HVVA now has 153 paying members, $320 in the working account and $499 in the Oliver barn fund. We began 2000 with 74 paying members, $107 in the working account and $265 in the Oliver barn fund. During 2000 we took in $1,394 in checks and $225 in cash. We spent $1,172, primarily for printing and mailing costs.

The next meeting will be held at the Marbletown Firehouse, Saturday 10AM, February 24, 2001. Saturday, March 3rd is the Sally Light tour of houses in Austerlitz, Columbia County, New York and Western Massachusetts.

It has been a busy month here in the West Hurley office with the copy machine back in the shop but the busted truck back together and a big pile of firewood. There is a recently renewed HVVA effort to save a nearby vernacular wood-frame house in Stony Hollow. Details are on the center page. The plan is to get the story to the public and hold a meeting at a nearby inn and to organize a local group to save the house. It is a site with many possibilities. It is an urgent matter as the roof leaks.

On Saturday, January 20 about 15 to 18 people met at the Marbletown firehouse. A number of subjects were covered. What do we need money for? Enumeration of projects we have going.
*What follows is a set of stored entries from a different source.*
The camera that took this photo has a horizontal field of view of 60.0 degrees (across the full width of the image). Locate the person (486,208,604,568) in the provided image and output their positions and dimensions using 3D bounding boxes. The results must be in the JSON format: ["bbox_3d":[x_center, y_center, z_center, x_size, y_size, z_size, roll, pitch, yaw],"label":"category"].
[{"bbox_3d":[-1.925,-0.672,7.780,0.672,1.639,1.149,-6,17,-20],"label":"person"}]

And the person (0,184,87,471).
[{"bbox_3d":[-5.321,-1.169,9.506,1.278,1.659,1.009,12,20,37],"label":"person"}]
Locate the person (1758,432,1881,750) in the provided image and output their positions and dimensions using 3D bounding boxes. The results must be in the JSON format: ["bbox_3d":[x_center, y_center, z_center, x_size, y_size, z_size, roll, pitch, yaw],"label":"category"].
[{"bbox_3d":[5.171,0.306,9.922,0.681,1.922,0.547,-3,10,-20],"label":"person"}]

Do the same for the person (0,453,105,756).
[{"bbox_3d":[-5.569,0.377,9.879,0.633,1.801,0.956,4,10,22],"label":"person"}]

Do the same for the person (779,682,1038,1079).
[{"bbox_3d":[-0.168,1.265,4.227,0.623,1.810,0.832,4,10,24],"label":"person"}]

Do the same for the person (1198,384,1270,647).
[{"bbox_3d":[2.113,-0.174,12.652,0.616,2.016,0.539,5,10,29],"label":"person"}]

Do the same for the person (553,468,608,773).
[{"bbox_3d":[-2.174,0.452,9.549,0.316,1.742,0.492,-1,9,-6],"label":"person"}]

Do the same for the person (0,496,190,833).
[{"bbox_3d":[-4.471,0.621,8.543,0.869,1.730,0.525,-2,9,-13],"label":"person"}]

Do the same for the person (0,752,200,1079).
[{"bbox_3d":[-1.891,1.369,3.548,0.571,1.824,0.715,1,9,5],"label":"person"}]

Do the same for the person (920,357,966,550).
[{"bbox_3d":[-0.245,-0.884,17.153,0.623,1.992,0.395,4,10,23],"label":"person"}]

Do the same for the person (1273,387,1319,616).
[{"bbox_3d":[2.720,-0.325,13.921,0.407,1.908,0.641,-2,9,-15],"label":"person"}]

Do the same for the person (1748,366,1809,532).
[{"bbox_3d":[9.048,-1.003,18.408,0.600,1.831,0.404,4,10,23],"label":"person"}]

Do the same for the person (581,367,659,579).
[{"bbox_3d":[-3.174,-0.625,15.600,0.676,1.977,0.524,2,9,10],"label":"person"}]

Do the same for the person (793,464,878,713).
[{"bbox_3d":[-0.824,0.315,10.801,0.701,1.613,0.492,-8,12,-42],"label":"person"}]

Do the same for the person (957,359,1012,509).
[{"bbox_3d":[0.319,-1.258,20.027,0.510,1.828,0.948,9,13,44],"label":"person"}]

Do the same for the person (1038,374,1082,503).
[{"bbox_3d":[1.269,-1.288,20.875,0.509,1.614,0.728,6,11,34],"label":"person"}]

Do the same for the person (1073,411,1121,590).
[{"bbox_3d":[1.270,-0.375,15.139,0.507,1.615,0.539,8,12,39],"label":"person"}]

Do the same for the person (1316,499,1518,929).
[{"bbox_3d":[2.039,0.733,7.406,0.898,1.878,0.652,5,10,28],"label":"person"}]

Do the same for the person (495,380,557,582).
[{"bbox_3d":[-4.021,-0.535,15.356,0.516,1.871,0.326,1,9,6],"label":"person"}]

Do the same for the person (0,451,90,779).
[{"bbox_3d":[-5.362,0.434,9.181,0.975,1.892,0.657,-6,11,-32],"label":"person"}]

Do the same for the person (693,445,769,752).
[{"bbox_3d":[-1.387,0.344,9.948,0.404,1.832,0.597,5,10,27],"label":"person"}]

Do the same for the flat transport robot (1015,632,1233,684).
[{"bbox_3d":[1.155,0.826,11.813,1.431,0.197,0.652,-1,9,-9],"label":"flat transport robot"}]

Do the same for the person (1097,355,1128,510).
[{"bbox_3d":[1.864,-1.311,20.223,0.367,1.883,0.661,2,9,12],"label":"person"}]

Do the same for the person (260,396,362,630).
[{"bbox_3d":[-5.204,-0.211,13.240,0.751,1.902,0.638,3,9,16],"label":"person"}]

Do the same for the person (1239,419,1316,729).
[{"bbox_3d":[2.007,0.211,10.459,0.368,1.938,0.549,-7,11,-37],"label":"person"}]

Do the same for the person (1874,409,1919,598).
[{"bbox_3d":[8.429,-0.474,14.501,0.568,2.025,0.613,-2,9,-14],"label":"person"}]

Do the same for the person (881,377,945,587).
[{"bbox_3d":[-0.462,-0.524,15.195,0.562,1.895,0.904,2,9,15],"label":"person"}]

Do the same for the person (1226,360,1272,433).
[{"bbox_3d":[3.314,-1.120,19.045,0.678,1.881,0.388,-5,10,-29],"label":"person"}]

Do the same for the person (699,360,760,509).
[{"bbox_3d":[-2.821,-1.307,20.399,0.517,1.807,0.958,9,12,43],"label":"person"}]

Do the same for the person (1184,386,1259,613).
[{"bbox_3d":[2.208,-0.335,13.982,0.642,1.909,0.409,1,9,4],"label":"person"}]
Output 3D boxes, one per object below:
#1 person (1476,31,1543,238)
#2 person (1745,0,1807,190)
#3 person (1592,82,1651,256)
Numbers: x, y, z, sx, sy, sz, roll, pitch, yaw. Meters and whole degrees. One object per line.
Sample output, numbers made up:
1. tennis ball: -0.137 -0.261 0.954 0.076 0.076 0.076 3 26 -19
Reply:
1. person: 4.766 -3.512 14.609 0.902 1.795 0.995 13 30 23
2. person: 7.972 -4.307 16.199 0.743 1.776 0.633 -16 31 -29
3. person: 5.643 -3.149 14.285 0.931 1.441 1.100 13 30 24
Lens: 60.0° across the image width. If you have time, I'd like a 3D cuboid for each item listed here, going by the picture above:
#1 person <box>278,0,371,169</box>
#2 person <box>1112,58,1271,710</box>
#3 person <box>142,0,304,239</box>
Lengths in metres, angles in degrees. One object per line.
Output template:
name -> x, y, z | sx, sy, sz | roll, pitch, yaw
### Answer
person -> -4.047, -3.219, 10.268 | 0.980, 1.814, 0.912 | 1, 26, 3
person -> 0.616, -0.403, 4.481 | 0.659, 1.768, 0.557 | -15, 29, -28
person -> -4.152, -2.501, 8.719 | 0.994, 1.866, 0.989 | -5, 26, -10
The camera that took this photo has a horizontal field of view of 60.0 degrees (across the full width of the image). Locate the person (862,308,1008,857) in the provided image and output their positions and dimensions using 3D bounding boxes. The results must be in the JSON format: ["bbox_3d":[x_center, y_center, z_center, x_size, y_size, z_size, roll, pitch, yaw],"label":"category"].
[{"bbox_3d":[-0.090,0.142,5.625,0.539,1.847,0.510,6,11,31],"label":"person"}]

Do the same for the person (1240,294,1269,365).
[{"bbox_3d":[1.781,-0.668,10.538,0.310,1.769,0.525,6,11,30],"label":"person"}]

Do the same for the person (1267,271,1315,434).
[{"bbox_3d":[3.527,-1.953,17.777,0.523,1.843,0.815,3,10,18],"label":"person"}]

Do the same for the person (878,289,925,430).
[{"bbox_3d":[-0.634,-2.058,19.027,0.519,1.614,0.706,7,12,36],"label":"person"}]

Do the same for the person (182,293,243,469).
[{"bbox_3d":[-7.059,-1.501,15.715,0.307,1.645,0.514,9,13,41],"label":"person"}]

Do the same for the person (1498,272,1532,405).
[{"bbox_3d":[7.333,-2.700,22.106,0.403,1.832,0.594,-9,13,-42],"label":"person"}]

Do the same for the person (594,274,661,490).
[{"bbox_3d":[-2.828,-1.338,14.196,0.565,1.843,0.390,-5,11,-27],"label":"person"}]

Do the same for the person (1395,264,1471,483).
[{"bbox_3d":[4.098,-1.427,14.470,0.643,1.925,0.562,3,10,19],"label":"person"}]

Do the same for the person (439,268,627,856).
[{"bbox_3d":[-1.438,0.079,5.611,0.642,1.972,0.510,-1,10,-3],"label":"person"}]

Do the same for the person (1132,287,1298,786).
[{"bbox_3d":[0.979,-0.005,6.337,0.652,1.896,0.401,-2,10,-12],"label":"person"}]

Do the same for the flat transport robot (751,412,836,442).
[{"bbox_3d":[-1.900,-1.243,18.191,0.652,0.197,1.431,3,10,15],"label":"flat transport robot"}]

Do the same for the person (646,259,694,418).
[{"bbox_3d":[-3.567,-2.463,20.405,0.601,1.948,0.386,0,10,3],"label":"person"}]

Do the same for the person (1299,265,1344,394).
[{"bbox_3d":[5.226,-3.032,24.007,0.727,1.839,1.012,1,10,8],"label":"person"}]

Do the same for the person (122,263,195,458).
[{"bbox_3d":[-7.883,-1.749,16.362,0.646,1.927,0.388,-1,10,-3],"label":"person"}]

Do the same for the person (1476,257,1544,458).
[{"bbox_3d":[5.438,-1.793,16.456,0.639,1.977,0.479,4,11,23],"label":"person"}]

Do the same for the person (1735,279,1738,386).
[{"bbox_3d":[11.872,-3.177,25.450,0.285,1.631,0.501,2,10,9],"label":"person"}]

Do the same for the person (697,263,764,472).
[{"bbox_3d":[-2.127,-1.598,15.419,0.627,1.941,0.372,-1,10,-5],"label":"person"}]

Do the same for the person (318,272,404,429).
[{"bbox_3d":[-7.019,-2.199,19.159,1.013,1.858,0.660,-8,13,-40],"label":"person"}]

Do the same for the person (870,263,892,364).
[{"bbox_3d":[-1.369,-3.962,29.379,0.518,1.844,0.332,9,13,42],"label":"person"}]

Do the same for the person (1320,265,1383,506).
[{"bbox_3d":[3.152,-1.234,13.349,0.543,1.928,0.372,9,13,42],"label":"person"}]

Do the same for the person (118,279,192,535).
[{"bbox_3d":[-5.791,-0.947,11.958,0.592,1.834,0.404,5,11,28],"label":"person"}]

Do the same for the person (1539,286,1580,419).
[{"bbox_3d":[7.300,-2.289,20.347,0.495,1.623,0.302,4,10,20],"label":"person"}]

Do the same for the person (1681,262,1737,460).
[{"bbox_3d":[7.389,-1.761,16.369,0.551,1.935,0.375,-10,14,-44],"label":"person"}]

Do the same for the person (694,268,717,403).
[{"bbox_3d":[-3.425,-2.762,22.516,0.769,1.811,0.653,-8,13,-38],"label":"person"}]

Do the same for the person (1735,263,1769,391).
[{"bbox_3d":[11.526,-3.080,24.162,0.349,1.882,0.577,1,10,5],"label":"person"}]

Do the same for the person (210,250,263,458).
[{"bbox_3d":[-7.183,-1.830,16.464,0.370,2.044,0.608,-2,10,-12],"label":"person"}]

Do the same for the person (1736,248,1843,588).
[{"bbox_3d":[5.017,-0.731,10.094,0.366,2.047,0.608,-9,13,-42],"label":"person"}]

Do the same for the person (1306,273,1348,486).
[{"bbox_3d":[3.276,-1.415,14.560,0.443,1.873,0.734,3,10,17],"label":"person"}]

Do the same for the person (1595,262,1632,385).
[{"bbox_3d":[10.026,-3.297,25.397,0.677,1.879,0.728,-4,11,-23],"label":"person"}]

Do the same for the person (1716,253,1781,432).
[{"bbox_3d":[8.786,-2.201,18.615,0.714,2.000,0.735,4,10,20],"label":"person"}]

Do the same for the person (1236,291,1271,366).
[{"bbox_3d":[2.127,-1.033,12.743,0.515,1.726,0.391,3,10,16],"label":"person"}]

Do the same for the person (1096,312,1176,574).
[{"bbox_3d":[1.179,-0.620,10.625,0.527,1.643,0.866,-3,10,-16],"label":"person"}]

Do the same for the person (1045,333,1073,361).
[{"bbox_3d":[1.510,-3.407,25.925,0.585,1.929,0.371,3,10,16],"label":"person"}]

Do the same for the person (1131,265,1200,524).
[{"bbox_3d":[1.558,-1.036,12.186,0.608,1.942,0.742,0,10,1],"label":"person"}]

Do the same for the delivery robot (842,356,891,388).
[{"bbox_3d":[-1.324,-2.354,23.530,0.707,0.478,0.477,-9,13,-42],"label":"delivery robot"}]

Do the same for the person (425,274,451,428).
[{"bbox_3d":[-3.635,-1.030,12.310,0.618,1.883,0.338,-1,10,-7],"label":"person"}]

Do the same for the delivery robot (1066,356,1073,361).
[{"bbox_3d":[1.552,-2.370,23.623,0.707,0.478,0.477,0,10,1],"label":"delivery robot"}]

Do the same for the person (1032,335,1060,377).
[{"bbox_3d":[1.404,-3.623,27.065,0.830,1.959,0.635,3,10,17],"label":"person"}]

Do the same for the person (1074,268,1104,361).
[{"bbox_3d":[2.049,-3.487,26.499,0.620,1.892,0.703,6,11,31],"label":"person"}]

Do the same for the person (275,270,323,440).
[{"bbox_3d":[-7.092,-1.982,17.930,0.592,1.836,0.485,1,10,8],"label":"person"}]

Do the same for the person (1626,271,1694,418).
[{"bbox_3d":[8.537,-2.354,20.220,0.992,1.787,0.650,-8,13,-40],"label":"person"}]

Alvin and I will work on filling out the US and NY State not-for-profit tax forms but tax-free status is retroactive on all dues and contributions after November 2000, the date of our charter. Conrad Fidalgo will work on a date for a Richmantown, Staten Island meeting and tour. Sally Svenson will plan an Ulster County barn tour. Pam Herrick reported on what she has found of regional colleges with which we might work, suggesting topics for student research, or library science students to help with archives. Jim Decker will check into web sites. Our eventual need of a fire-proof office for storage of archives was discussed. We need a mailing list for press releases for events.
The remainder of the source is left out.